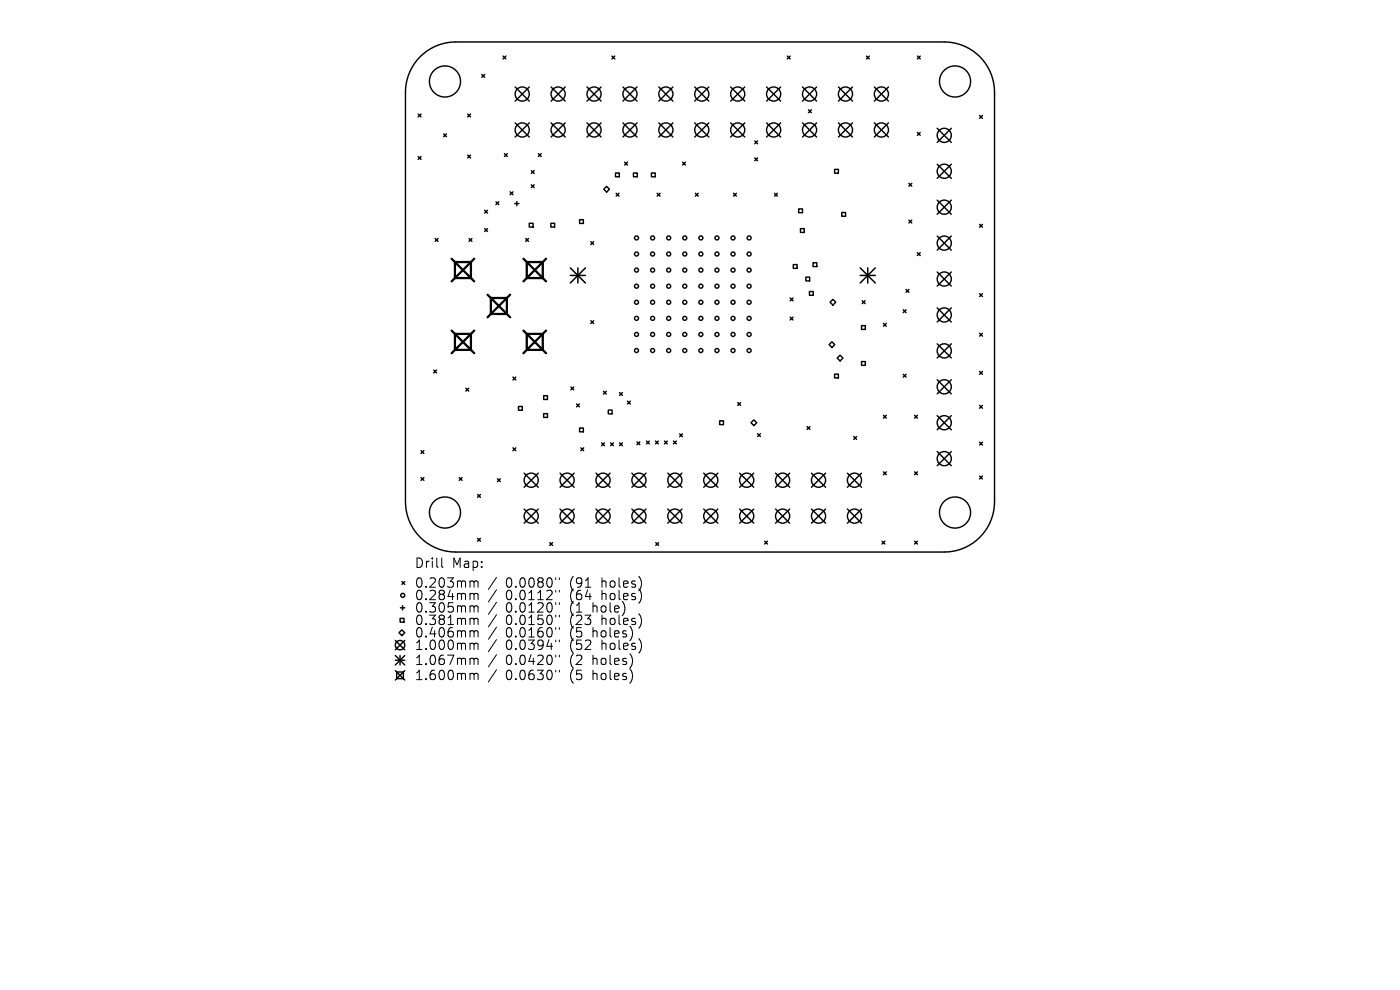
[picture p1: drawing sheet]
<svg xmlns="http://www.w3.org/2000/svg" width="297mm" height="210mm" viewBox="0 0 297 210" stroke-linecap="round" stroke-linejoin="round" font-family="sans-serif">
<defs><g id="words">
<g font-size="2.8">
<text x="87.9" y="120.8">Drill</text>
<text x="87.9" y="125">0.203mm</text>
<text x="95.9" y="120.8">Map:</text>
<text x="107.3" y="125">0.0080&quot;</text>
<text x="121" y="125">(91</text>
<text x="127.9" y="125">holes)</text>
<text x="87.9" y="127.6">0.284mm</text>
<text x="87.9" y="130.2">0.305mm</text>
<text x="107.3" y="127.6">0.0112&quot;</text>
<text x="107.3" y="130.2">0.0120&quot;</text>
<text x="121" y="127.6">(64</text>
<text x="121" y="130.2">(1</text>
<text x="126" y="130.2">hole)</text>
<text x="127.9" y="127.6">holes)</text>
<text x="87.9" y="132.9">0.381mm</text>
<text x="87.9" y="135.5">0.406mm</text>
<text x="107.3" y="132.9">0.0150&quot;</text>
<text x="107.3" y="135.5">0.0160&quot;</text>
<text x="121" y="132.9">(23</text>
<text x="121" y="135.5">(5</text>
<text x="126" y="135.5">holes)</text>
<text x="127.9" y="132.9">holes)</text>
<text x="87.9" y="138.2">1.000mm</text>
<text x="87.9" y="141.4">1.067mm</text>
<text x="107.3" y="138.2">0.0394&quot;</text>
<text x="107.3" y="141.4">0.0420&quot;</text>
<text x="121" y="138.2">(52</text>
<text x="121" y="141.4">(2</text>
<text x="126" y="141.4">holes)</text>
<text x="127.9" y="138.2">holes)</text>
<text x="87.9" y="144.6">1.600mm</text>
<text x="107.3" y="144.6">0.0630&quot;</text>
<text x="121" y="144.6">(5</text>
<text x="126" y="144.6">holes)</text>
</g>
</g></defs>
<g fill="none" stroke="#000" stroke-width=".3">
<path d="M89.1 12a10.7 10.7 0 0 1 7.6-3.1h103.6a10.7 10.7 0 0 1 10.7 10.7v86.8a10.7 10.7 0 0 1-10.7 10.7h-103.6a10.7 10.7 0 0 1-10.7-10.7v-86.8a10.7 10.7 0 0 1 3.1-7.6zM102.2 15.8l.6 .6M102.8 15.8l-.6 .6M106.7 11.9l.6 .6M107.3 11.9l-.6 .6M109.3 18.4l3 3M112.3 18.4l-3 3M116.9 18.4l3 3M119.9 18.4l-3 3M124.5 18.4l3 3M127.5 18.4l-3 3M129.8 11.9l.6 .6"/>
<path d="M130.4 11.9l-.6 .6M132.1 18.4l3 3M135.1 18.4l-3 3M139.8 18.4l3 3M142.8 18.4l-3 3M147.4 18.4l3 3M150.4 18.4l-3 3M155 18.4l3 3M158 18.4l-3 3M162.6 18.4l3 3M165.6 18.4l-3 3M167 11.9l.6 .6"/>
<path d="M167.6 11.9l-.6 .6M170.2 18.4l3 3M173.2 18.4l-3 3M177.9 18.4l3 3M180.9 18.4l-3 3M183.8 11.9l.6 .6M184.4 11.9l-.6 .6M185.5 18.4l3 3M188.5 18.4l-3 3M194.6 11.9l.6 .6M195.2 11.9l-.6 .6M88.7 24.2l.6 .6"/>
<path d="M88.7 33.2l.6 .6M89.3 24.2l-.6 .6M89.3 33.2l-.6 .6M94.1 28.4l.6 .6M94.7 28.4l-.6 .6M99.2 24.2l.6 .6M99.2 32.9l.6 .6M99.8 24.2l-.6 .6M99.8 32.9l-.6 .6M107 32.6l.6 .6M107.6 32.6l-.6 .6M109.3 26.1l3 3"/>
<path d="M112.3 26.1l-3 3M112.7 36.2l.6 .6M112.7 39.2l.6 .6M113.3 36.2l-.6 .6M113.3 39.2l-.6 .6M114.2 32.6l.6 .6M114.8 32.6l-.6 .6M116.9 26.1l3 3M119.9 26.1l-3 3M124.5 26.1l3 3M127.5 26.1l-3 3M130.6 36.7h.8v.8h-.8z"/>
<path d="M132.1 26.1l3 3M132.5 34.4l.6 .6M133.1 34.4l-.6 .6M134.4 36.7h.8v.8h-.8zM135.1 26.1l-3 3M138.2 36.7h.8v.8h-.8zM139.8 26.1l3 3M142.8 26.1l-3 3M144.8 34.4l.6 .6M145.4 34.4l-.6 .6M147.4 26.1l3 3M150.4 26.1l-3 3"/>
<path d="M155 26.1l3 3M158 26.1l-3 3M160.1 29.9l.6 .6M160.1 33.5l.6 .6M160.7 29.9l-.6 .6M160.7 33.5l-.6 .6M162.6 26.1l3 3M165.6 26.1l-3 3M170.2 26.1l3 3M171.5 23.3l.6 .6M172.1 23.3l-.6 .6M173.2 26.1l-3 3"/>
<path d="M177.1 35.9h.8v.8h-.8zM177.9 26.1l3 3M180.9 26.1l-3 3M185.5 26.1l3 3M188.5 26.1l-3 3M192.8 38.9l.6 .6M193.4 38.9l-.6 .6M194.6 28.1l.6 .6M195.2 28.1l-.6 .6M198.8 27.2l3 3M198.8 34.8l3 3M201.8 27.2l-3 3"/>
<path d="M201.8 34.8l-3 3M207.8 24.5l.6 .6M208.4 24.5l-.6 .6M92.3 50.6l.6 .6M92.9 50.6l-.6 .6M99.5 50.6l.6 .6M100.1 50.6l-.6 .6M102.8 44.6l.6 .6M102.8 48.5l.6 .6M103.4 44.6l-.6 .6M103.4 48.5l-.6 .6M105.2 42.8l.6 .6"/>
<path d="M105.8 42.8l-.6 .6M108.2 40.7l.6 .6M108.8 40.7l-.6 .6M109.2 43.2h.9M109.6 42.7v.9M111.5 50.6l.6 .6M112.1 50.6l-.6 .6M112.3 47.4h.8v.8h-.8zM116.9 47.4h.8v.8h-.8zM123 46.6h.8v.8h-.8zM125.3 51.3l.6 .6M125.9 51.3l-.6 .6"/>
<path d="M128.1 40.1l.6-.6 .6 .6-.6 .7zM130.7 41l.6 .6M131.3 41l-.6 .6M139.4 41l.6 .6M140 41l-.6 .6M147.5 41l.6 .6M148.1 41l-.6 .6M155.6 41l.6 .6M156.2 41l-.6 .6M164.3 41l.6 .6M164.9 41l-.6 .6M168.3 56.1h.8v.8h-.8z"/>
<path d="M169.4 44.3h.8v.8h-.8zM169.8 48.5h.8v.8h-.8zM171 58.8h.8v.8h-.8zM172.5 55.7h.8v.8h-.8zM178.6 45.1h.8v.8h-.8zM192.8 46.7l.6 .6M193.4 46.7l-.6 .6M194.6 53.6l.6 .6M195.2 53.6l-.6 .6M198.8 42.5l3 3M198.8 50.1l3 3M198.8 57.7l3 3"/>
<path d="M201.8 42.5l-3 3M201.8 50.1l-3 3M201.8 57.7l-3 3M207.8 47.6l.6 .6M208.4 47.6l-.6 .6M92 78.5l.6 .6M92.6 78.5l-.6 .6M108.8 80l.6 .6M109.4 80l-.6 .6M125.3 68l.6 .6M125.9 68l-.6 .6M167.6 63.2l.6 .6"/>
<path d="M167.6 67.3l.6 .6M168.2 63.2l-.6 .6M168.2 67.3l-.6 .6M171.7 61.8h.8v.8h-.8zM175.9 73.1l.6-.6 .6 .6-.6 .6zM176.1 64.1l.6-.6 .6 .6-.6 .6zM177.1 79.4h.8v.8h-.8zM177.6 76l.6-.7 .6 .7-.6 .6zM182.8 69.1h.8v.8h-.8zM182.8 76.7h.8v.8h-.8zM182.9 63.8l.6 .6M183.5 63.8l-.6 .6"/>
<path d="M187.4 68.6l.6 .6M188 68.6l-.6 .6M191.6 65.7l.6 .6M191.6 79.4l.6 .6M192.2 61.4l.6 .6M192.2 65.7l-.6 .6M192.2 79.4l-.6 .6M192.8 61.4l-.6 .6M198.8 65.3l3 3M198.8 72.9l3 3M201.8 65.3l-3 3M201.8 72.9l-3 3"/>
<path d="M207.8 62.3l.6 .6M207.8 70.7l.6 .6M207.8 78.8l.6 .6M208.4 62.3l-.6 .6M208.4 70.7l-.6 .6M208.4 78.8l-.6 .6M89.3 95.6l.6 .6M89.9 95.6l-.6 .6M98.8 82.4l.6 .6M99.4 82.4l-.6 .6M108.8 95l.6 .6M109.4 95l-.6 .6"/>
<path d="M110 86.2h.8v.8h-.8zM115.3 83.9h.8v.8h-.8zM115.3 87.7h.8v.9h-.8zM121.1 82.1l.6 .6M121.7 82.1l-.6 .6M122.3 85.7l.6 .6M122.9 85.7l-.6 .6M123 90.8h.8v.8h-.8zM123.2 95l.6 .6M123.8 95l-.6 .6M127.6 93.9l.6 .6M128 83l.6 .6"/>
<path d="M128.2 93.9l-.6 .6M128.6 83l-.6 .6M129 87h.9v.8h-.9zM129.5 93.9l.6 .6M130.1 93.9l-.6 .6M131.4 83.3l.6 .6M131.4 93.9l.6 .6M132 83.3l-.6 .6M132 93.9l-.6 .6M133.1 85.1l.6 .6M133.7 85.1l-.6 .6M135.1 93.7l.6 .6"/>
<path d="M135.7 93.7l-.6 .6M137.1 93.6l.7 .6M137.8 93.6l-.7 .6M139.1 93.6l.6 .6M139.7 93.6l-.6 .6M141 93.6l.6 .6M141.6 93.6l-.6 .6M142.9 93.6l.6 .6M143.5 93.6l-.6 .6M144.2 92l.6 .6M144.8 92l-.6 .6M152.7 89.3h.8v.8h-.8z"/>
<path d="M156.5 85.4l.6 .6M157.1 85.4l-.6 .6M159.3 89.7l.6-.6 .6 .6-.6 .6zM160.7 92l.6 .6M161.3 92l-.6 .6M171.2 90.5l.6 .6M171.8 90.5l-.6 .6M181.1 92.6l.6 .6M181.7 92.6l-.6 .6M187.4 88.1l.6 .6M188 88.1l-.6 .6M194 88.1l.6 .6"/>
<path d="M194.6 88.1l-.6 .6M198.8 80.6l3 3M198.8 88.2l3 3M198.8 95.8l3 3M201.8 80.6l-3 3M201.8 88.2l-3 3M201.8 95.8l-3 3M207.8 86l.6 .6M207.8 93.8l.6 .6M208.4 86l-.6 .6M208.4 93.8l-.6 .6M89.3 101.3l.6 .6"/>
<path d="M89.9 101.3l-.6 .6M97.4 101.3l.6 .6M98 101.3l-.6 .6M101.3 104.9l.6 .6M101.3 114.2l.6 .6M101.9 104.9l-.6 .6M101.9 114.2l-.6 .6M105.5 101.6l.6 .6M106.1 101.6l-.6 .6M111.2 100.4l3 3M111.2 108l3 3M114.2 108l-3 3"/>
<path d="M114.2 100.4l-3 3M116.6 115.1l.6 .6M117.2 115.1l-.6 .6M118.8 108l3 3M118.8 100.4l3 3M121.8 100.4l-3 3M121.8 108l-3 3M126.4 100.4l3 3M126.4 108l3 3M129.4 100.4l-3 3M129.4 108l-3 3M134 100.4l3 3"/>
<path d="M134 108l3 3M137 100.4l-3 3M137 108l-3 3M139.1 115.1l.6 .6M139.7 115.1l-.6 .6M141.7 100.4l3 3M141.7 108l3 3M144.7 100.4l-3 3M144.7 108l-3 3M149.3 108l3 3M149.3 100.4l3 3M152.3 100.4l-3 3"/>
<path d="M152.3 108l-3 3M156.9 100.4l3 3M156.9 108l3 3M159.9 100.4l-3 3M159.9 108l-3 3M162.2 114.8l.6 .6M162.8 114.8l-.6 .6M164.5 108l3 3M164.5 100.4l3 3M167.5 100.4l-3 3M167.5 108l-3 3M172.1 108l3 3"/>
<path d="M172.1 100.4l3 3M175.1 100.4l-3 3M175.1 108l-3 3M179.8 108l3 3M179.8 100.4l3 3M182.8 100.4l-3 3M182.8 108l-3 3M187.1 114.8l.6 .6M187.4 100.1l.6 .6M187.7 114.8l-.6 .6M188 100.1l-.6 .6M194 100.1l.6 .6"/>
<path d="M194 114.8l.6 .6M194.6 100.1l-.6 .6M194.6 114.8l-.6 .6M207.8 101l.6 .6M208.4 101l-.6 .6M83.9 135.9l2 2M83.9 139.1l2 2M84.9 139.1v2M84.9 131.2h.8v.8h-.8zM85 128.9h.9M85.3 133.6l.6 .6-.6 .6-.7-.6zM85.3 123.4l.6 .6"/>
<path d="M85.4 128.5v.9M85.9 123.4l-.6 .6M85.9 135.9l-2 2M85.9 139.1l-2 2M83.9 140.1h2M83.9 142.3l2 2M84.2 142.5h1.4v1.5h-1.4zM85.9 142.3l-2 2"/>
<circle cx="94.4" cy="17.3" r="3.3"/>
<circle cx="110.8" cy="19.9" r="1.5"/>
<circle cx="118.4" cy="19.9" r="1.5"/>
<circle cx="126" cy="19.9" r="1.5"/>
<circle cx="133.6" cy="19.9" r="1.5"/>
<circle cx="141.3" cy="19.9" r="1.5"/>
<circle cx="148.9" cy="19.9" r="1.5"/>
<circle cx="156.5" cy="19.9" r="1.5"/>
<circle cx="164.1" cy="19.9" r="1.5"/>
<circle cx="171.7" cy="19.9" r="1.5"/>
<circle cx="179.4" cy="19.9" r="1.5"/>
<circle cx="187" cy="19.9" r="1.5"/>
<circle cx="202.6" cy="17.3" r="3.3"/>
<circle cx="110.8" cy="27.6" r="1.5"/>
<circle cx="118.4" cy="27.6" r="1.5"/>
<circle cx="126" cy="27.6" r="1.5"/>
<circle cx="133.6" cy="27.6" r="1.5"/>
<circle cx="141.3" cy="27.6" r="1.5"/>
<circle cx="148.9" cy="27.6" r="1.5"/>
<circle cx="156.5" cy="27.6" r="1.5"/>
<circle cx="164.1" cy="27.6" r="1.5"/>
<circle cx="171.7" cy="27.6" r="1.5"/>
<circle cx="179.4" cy="27.6" r="1.5"/>
<circle cx="187" cy="27.6" r="1.5"/>
<circle cx="200.3" cy="36.3" r="1.5"/>
<circle cx="200.3" cy="28.7" r="1.5"/>
<circle cx="135" cy="57.3" r=".43"/>
<circle cx="135" cy="50.5" r=".43"/>
<circle cx="135" cy="53.9" r=".43"/>
<circle cx="138.4" cy="57.3" r=".43"/>
<circle cx="138.4" cy="50.5" r=".43"/>
<circle cx="138.4" cy="53.9" r=".43"/>
<circle cx="141.9" cy="50.5" r=".43"/>
<circle cx="141.9" cy="57.3" r=".43"/>
<circle cx="141.9" cy="53.9" r=".43"/>
<circle cx="145.3" cy="50.5" r=".43"/>
<circle cx="145.3" cy="57.3" r=".43"/>
<circle cx="145.3" cy="53.9" r=".43"/>
<circle cx="148.7" cy="50.5" r=".43"/>
<circle cx="148.7" cy="53.9" r=".43"/>
<circle cx="148.7" cy="57.3" r=".43"/>
<circle cx="152.1" cy="57.3" r=".43"/>
<circle cx="152.1" cy="50.5" r=".43"/>
<circle cx="152.1" cy="53.9" r=".43"/>
<circle cx="155.5" cy="50.5" r=".43"/>
<circle cx="155.5" cy="53.9" r=".43"/>
<circle cx="155.5" cy="57.3" r=".43"/>
<circle cx="158.9" cy="50.5" r=".43"/>
<circle cx="158.9" cy="57.3" r=".43"/>
<circle cx="158.9" cy="53.9" r=".43"/>
<circle cx="200.3" cy="51.6" r="1.5"/>
<circle cx="200.3" cy="59.2" r="1.5"/>
<circle cx="200.3" cy="44" r="1.5"/>
<circle cx="135" cy="60.7" r=".43"/>
<circle cx="135" cy="67.5" r=".43"/>
<circle cx="135" cy="70.9" r=".43"/>
<circle cx="135" cy="64.1" r=".43"/>
<circle cx="135" cy="74.4" r=".43"/>
<circle cx="138.4" cy="67.5" r=".43"/>
<circle cx="138.4" cy="70.9" r=".43"/>
<circle cx="138.4" cy="64.1" r=".43"/>
<circle cx="138.4" cy="74.4" r=".43"/>
<circle cx="138.4" cy="60.7" r=".43"/>
<circle cx="141.9" cy="67.5" r=".43"/>
<circle cx="141.9" cy="60.7" r=".43"/>
<circle cx="141.9" cy="64.1" r=".43"/>
<circle cx="141.9" cy="70.9" r=".43"/>
<circle cx="141.9" cy="74.4" r=".43"/>
<circle cx="145.3" cy="67.5" r=".43"/>
<circle cx="145.3" cy="60.7" r=".43"/>
<circle cx="145.3" cy="70.9" r=".43"/>
<circle cx="145.3" cy="74.4" r=".43"/>
<circle cx="145.3" cy="64.1" r=".43"/>
<circle cx="148.7" cy="74.4" r=".43"/>
<circle cx="148.7" cy="67.5" r=".43"/>
<circle cx="148.7" cy="70.9" r=".43"/>
<circle cx="148.7" cy="64.1" r=".43"/>
<circle cx="148.7" cy="60.7" r=".43"/>
<circle cx="152.1" cy="60.7" r=".43"/>
<circle cx="152.1" cy="74.4" r=".43"/>
<circle cx="152.1" cy="67.5" r=".43"/>
<circle cx="152.1" cy="70.9" r=".43"/>
<circle cx="152.1" cy="64.1" r=".43"/>
<circle cx="155.5" cy="67.5" r=".43"/>
<circle cx="155.5" cy="70.9" r=".43"/>
<circle cx="155.5" cy="60.7" r=".43"/>
<circle cx="155.5" cy="64.1" r=".43"/>
<circle cx="155.5" cy="74.4" r=".43"/>
<circle cx="158.9" cy="60.7" r=".43"/>
<circle cx="158.9" cy="67.5" r=".43"/>
<circle cx="158.9" cy="70.9" r=".43"/>
<circle cx="158.9" cy="74.4" r=".43"/>
<circle cx="158.9" cy="64.1" r=".43"/>
<circle cx="200.3" cy="66.8" r="1.5"/>
<circle cx="200.3" cy="74.4" r="1.5"/>
<circle cx="200.3" cy="82.1" r="1.5"/>
<circle cx="200.3" cy="97.3" r="1.5"/>
<circle cx="200.3" cy="89.7" r="1.5"/>
<circle cx="94.4" cy="108.7" r="3.3"/>
<circle cx="112.7" cy="101.9" r="1.5"/>
<circle cx="112.7" cy="109.5" r="1.5"/>
<circle cx="120.3" cy="101.9" r="1.5"/>
<circle cx="120.3" cy="109.5" r="1.5"/>
<circle cx="127.9" cy="109.5" r="1.5"/>
<circle cx="127.9" cy="101.9" r="1.5"/>
<circle cx="135.5" cy="101.9" r="1.5"/>
<circle cx="135.5" cy="109.5" r="1.5"/>
<circle cx="143.2" cy="101.9" r="1.5"/>
<circle cx="143.2" cy="109.5" r="1.5"/>
<circle cx="150.8" cy="101.9" r="1.5"/>
<circle cx="150.8" cy="109.5" r="1.5"/>
<circle cx="158.4" cy="101.9" r="1.5"/>
<circle cx="158.4" cy="109.5" r="1.5"/>
<circle cx="166" cy="101.9" r="1.5"/>
<circle cx="166" cy="109.5" r="1.5"/>
<circle cx="173.6" cy="101.9" r="1.5"/>
<circle cx="173.6" cy="109.5" r="1.5"/>
<circle cx="181.3" cy="109.5" r="1.5"/>
<circle cx="181.3" cy="101.9" r="1.5"/>
<circle cx="202.6" cy="108.7" r="3.3"/>
<circle cx="84.9" cy="136.9" r="1"/>
<circle cx="85.4" cy="126.3" r=".43"/>
</g>
<path d="M121 56.8l3.2 3.2M121 58.4h3.2M122.6 56.8v3.2M124.2 56.8l-3.2 3.2M182.5 58.4h3.2M182.5 56.8l3.2 3.2M184.1 56.8v3.2M185.7 56.8l-3.2 3.2" fill="none" stroke="#000" stroke-width=".32"/>
<g fill="none" stroke="#000" stroke-width=".48">
<path d="M95.8 54.9l4.8 4.8M96.5 55.6h3.4v3.4h-3.4zM100.6 54.9l-4.8 4.8M111 54.9l4.8 4.8M111.8 55.6h3.3v3.4h-3.3zM115.8 54.9l-4.8 4.8M95.8 70.1l4.8 4.8M96.5 70.8h3.4v3.4h-3.4zM100.6 70.1l-4.8 4.8M103.4 62.5l4.8 4.8M104.1 63.2h3.4v3.4h-3.4zM108.2 62.5l-4.8 4.8"/>
<path d="M111 70.1l4.8 4.8M111.8 70.8h3.3v3.4h-3.3zM115.8 70.1l-4.8 4.8"/>
</g>
<g fill="none" stroke="#000" stroke-width=".21">
<path d="M93.7 118.4v1.7l.3 .3M100 123.2h.3l.3 .3M100 125.9h.3l.3 .3M100 128.5l.5 .1 .1 .2M100 131.2l.5 .1 .1 .1M100 133.8l.5 .1 .1 .2M100 136.4l.5 .1 .1 .2M100 139.6h.3l.3 .3M100.6 123.5l.3-.3 .4 .1 .1 1.3M100.6 123.5v1.1M100.6 126.2v1M100.6 128.8v1.1"/>
<path d="M100.6 131.4v1.1M100.6 134.1v1M100.6 136.7v1.1M100.6 139.9v1.1M100.6 126.2l.3-.3 .4 .1 .1 1.2M100.6 128.8l.3-.3 .4 .1 .1 1.3M100.6 131.4l.3-.2 .4 .1 .1 1.2M100.6 134.1l.3-.3 .4 .1 .1 1.2M100.6 136.7l.3-.3 .4 .1 .1 1.3M100.6 139.9l.3-.3 .4 .1 .1 1.3M105.3 122.5l-1.7 2.5M105.3 125.1l-1.7 2.6"/>
<path d="M105.3 127.8l-1.7 2.5M105.3 130.4l-1.7 2.6M105.3 133l-1.7 2.6M105.3 135.7l-1.7 2.5M105.3 138.9l-1.7 2.5M117.9 122.6v.4M117.9 125.2v.4M117.9 127.9v.3M117.9 130.5v.4M117.9 133.1v.4M117.9 135.8v.4M117.9 139v.4"/>
<path d="M118.7 122.6v.4M118.7 125.2v.4M118.7 127.9v.3M118.7 130.5v.4M118.7 133.1v.4M118.7 135.8v.4M118.7 139v.4M100 142.8h.3l.3 .3M100.6 143.1v1.1M100.6 143.1l.3-.3 .4 .1 .1 1.3M105.3 142.1l-1.7 2.5M117.9 142.2v.4"/>
<path d="M118.7 142.2v.4"/>
</g>
<use href="#words"/>
</svg>

-------

- _Your assignment_
Reading the records above, count the lines that include "none" and say only how many.

- _Completed exercise_
4